TASK INSTRUCTIONS ▸ Among the entries that follow, some lines contain the word "Zuid". Show all of them.

◆ ◆ ◆ ◆

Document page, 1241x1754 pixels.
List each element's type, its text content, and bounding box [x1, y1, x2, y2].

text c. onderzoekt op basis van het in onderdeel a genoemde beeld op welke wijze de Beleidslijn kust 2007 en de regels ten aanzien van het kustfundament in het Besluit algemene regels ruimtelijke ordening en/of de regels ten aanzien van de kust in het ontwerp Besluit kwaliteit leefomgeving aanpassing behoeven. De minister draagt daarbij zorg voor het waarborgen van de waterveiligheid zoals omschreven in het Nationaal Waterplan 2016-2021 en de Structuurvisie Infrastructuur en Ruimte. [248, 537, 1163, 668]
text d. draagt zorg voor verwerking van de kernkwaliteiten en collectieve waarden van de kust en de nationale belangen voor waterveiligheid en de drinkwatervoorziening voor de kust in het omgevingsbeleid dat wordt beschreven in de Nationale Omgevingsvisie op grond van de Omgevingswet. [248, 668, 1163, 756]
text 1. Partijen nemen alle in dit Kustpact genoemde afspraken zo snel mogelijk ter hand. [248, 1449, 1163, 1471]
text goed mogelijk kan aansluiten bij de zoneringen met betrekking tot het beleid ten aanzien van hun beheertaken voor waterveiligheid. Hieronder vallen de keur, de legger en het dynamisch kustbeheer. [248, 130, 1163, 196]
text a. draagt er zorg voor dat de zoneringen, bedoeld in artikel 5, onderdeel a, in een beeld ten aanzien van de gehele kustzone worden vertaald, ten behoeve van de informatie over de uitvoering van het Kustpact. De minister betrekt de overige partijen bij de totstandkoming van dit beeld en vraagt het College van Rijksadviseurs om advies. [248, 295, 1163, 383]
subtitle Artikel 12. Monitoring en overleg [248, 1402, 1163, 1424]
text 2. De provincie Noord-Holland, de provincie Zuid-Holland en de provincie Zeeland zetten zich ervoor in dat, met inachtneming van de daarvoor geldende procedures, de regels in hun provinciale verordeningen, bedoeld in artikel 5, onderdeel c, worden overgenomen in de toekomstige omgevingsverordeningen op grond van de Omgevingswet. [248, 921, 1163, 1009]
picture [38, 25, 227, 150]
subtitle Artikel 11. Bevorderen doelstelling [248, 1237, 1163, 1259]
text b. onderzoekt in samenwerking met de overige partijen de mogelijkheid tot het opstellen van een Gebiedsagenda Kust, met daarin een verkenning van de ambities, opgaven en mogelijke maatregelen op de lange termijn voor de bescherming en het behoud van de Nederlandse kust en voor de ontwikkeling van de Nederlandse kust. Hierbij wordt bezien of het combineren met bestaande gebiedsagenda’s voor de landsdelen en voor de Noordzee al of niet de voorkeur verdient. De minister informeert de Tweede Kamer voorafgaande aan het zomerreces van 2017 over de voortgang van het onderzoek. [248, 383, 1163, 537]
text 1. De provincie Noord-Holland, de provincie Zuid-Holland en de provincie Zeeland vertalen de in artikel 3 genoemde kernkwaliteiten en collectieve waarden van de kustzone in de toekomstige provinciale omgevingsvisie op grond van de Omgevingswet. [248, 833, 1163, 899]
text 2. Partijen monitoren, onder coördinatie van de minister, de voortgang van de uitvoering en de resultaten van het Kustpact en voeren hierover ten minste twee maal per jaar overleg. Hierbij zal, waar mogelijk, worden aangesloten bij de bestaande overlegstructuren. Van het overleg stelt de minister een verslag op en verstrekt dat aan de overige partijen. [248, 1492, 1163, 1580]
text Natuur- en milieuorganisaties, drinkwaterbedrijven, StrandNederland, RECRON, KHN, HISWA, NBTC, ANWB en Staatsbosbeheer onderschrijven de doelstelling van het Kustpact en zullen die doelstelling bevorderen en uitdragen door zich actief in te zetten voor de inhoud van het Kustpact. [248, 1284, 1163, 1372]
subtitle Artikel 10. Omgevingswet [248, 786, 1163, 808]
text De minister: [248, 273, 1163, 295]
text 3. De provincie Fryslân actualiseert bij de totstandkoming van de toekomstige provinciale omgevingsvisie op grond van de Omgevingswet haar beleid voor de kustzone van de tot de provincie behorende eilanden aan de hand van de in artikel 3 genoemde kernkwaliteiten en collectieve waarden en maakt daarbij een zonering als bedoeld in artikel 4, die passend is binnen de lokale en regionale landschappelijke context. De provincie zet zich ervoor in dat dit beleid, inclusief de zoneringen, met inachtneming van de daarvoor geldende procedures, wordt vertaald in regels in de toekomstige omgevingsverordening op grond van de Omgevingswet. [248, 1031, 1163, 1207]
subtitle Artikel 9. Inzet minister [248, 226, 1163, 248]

◆ ◆ ◆ ◆

REPLY TO THE EXERCISE ▸
text 2. De provincie Noord-Holland, de provincie Zuid-Holland en de provincie Zeeland zetten zich ervoor in dat, met inachtneming van de daarvoor geldende procedures, de regels in hun provinciale verordeningen, bedoeld in artikel 5, onderdeel c, worden overgenomen in de toekomstige omgevingsverordeningen op grond van de Omgevingswet. [248, 921, 1163, 1009]
text 1. De provincie Noord-Holland, de provincie Zuid-Holland en de provincie Zeeland vertalen de in artikel 3 genoemde kernkwaliteiten en collectieve waarden van de kustzone in de toekomstige provinciale omgevingsvisie op grond van de Omgevingswet. [248, 833, 1163, 899]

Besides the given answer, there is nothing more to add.